### EXERCISE INPUTS
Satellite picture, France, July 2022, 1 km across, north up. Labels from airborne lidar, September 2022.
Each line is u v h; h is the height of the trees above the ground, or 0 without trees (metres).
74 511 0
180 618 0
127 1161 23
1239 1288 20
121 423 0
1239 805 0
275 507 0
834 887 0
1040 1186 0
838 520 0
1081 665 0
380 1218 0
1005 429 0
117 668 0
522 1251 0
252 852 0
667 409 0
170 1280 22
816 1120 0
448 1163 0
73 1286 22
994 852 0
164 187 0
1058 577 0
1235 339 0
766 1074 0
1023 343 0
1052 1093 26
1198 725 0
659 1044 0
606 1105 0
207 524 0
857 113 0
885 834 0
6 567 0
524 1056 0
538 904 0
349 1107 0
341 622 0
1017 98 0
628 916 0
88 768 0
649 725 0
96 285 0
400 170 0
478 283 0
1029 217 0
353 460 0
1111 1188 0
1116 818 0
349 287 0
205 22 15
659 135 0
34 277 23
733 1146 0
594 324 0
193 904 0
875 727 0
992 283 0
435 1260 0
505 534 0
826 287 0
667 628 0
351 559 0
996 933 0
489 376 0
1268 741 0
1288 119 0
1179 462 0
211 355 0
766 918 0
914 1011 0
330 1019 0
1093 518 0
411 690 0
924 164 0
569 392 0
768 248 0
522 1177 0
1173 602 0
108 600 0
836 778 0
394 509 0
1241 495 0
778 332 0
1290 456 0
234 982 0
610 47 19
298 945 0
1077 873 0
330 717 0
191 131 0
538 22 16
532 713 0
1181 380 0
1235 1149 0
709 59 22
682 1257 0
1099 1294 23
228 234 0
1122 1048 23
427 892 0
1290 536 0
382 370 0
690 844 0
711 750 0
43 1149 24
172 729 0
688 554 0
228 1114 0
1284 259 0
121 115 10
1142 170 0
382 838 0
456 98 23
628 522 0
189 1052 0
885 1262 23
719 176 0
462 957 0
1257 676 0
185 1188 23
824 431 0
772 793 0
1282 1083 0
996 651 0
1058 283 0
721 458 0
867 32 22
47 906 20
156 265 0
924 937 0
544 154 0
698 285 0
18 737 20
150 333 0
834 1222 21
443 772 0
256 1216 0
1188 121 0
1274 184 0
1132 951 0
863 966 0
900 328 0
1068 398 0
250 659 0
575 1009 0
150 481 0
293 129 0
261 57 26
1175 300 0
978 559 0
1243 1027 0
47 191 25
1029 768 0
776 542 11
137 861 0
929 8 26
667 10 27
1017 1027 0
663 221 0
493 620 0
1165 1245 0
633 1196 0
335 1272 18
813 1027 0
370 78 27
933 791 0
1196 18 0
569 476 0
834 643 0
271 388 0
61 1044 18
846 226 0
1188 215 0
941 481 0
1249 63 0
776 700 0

...

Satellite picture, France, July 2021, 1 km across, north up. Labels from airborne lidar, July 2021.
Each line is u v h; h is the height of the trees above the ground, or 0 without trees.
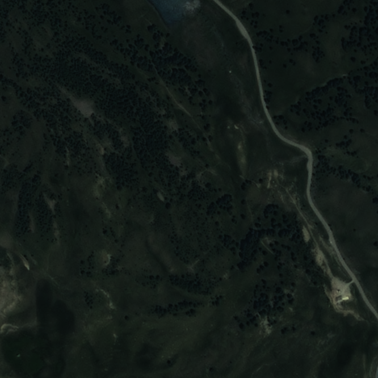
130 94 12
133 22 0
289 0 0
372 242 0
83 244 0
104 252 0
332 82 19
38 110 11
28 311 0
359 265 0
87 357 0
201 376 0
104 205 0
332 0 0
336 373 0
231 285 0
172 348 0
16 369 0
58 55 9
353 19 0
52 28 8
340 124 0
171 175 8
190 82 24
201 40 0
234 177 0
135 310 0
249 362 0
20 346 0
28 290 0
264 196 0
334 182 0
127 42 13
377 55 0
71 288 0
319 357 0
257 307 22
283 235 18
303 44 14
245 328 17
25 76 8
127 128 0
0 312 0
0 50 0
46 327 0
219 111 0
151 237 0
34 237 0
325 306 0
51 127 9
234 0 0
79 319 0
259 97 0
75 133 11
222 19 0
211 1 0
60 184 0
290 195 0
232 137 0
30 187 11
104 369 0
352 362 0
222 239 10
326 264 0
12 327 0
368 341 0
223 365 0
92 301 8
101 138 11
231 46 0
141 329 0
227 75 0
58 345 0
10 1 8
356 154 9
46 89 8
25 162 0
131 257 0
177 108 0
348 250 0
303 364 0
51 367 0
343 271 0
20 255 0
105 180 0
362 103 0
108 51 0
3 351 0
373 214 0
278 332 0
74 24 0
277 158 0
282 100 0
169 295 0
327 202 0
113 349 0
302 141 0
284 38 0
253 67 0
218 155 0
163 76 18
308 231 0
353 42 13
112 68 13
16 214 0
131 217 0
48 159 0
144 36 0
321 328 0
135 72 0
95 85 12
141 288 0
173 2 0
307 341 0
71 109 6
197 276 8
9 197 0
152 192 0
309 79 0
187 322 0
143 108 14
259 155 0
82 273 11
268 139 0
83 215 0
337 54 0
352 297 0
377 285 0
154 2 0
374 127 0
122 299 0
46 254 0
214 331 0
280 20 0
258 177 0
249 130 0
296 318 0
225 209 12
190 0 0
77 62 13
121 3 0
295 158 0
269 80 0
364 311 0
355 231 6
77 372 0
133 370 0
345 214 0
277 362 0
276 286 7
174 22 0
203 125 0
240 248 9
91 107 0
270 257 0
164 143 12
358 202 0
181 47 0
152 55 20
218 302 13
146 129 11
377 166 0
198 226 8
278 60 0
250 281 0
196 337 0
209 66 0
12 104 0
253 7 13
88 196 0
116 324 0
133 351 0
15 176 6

==

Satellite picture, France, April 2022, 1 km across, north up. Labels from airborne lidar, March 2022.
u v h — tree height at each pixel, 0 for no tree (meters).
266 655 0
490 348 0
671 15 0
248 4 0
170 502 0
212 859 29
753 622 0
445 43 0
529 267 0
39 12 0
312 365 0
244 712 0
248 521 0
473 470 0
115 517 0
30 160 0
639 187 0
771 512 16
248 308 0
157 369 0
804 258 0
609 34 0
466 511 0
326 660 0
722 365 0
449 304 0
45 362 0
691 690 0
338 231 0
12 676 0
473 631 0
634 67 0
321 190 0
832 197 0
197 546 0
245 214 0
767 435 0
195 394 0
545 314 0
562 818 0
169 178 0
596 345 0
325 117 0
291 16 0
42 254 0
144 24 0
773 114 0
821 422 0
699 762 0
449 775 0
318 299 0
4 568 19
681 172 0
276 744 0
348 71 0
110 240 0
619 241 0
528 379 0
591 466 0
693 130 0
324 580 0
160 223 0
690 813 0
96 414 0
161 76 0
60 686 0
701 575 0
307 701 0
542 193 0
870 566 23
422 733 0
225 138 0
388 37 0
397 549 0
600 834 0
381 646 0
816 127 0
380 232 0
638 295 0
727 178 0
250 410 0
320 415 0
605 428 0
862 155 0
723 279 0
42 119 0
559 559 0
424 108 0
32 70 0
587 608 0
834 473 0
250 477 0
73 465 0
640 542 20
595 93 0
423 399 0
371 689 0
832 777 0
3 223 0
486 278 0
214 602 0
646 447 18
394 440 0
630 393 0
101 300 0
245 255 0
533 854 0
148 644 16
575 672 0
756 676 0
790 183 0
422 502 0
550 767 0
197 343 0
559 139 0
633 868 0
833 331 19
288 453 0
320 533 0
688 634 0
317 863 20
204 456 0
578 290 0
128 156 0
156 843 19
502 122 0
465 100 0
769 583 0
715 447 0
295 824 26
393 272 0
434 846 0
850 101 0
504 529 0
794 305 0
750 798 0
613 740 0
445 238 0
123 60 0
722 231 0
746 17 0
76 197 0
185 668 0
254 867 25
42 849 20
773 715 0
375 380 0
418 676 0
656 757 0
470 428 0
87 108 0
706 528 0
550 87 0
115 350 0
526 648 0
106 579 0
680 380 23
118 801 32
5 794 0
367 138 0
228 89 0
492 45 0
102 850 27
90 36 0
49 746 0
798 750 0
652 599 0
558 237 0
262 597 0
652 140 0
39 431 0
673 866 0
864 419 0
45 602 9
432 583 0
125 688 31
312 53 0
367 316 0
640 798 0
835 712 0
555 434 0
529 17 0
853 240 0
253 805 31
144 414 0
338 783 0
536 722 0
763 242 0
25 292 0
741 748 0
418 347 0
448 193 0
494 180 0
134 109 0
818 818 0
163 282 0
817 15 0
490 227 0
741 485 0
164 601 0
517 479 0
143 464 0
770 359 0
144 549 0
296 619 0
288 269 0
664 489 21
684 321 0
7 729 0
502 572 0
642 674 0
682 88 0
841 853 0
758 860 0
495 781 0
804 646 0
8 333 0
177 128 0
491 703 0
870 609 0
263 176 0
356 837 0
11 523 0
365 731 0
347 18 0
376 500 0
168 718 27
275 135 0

### WHAT THE TASK REQUIRES
Determine how many lines above contain the word "July", then give the number by itself.

### RESULT OF THE TASK
2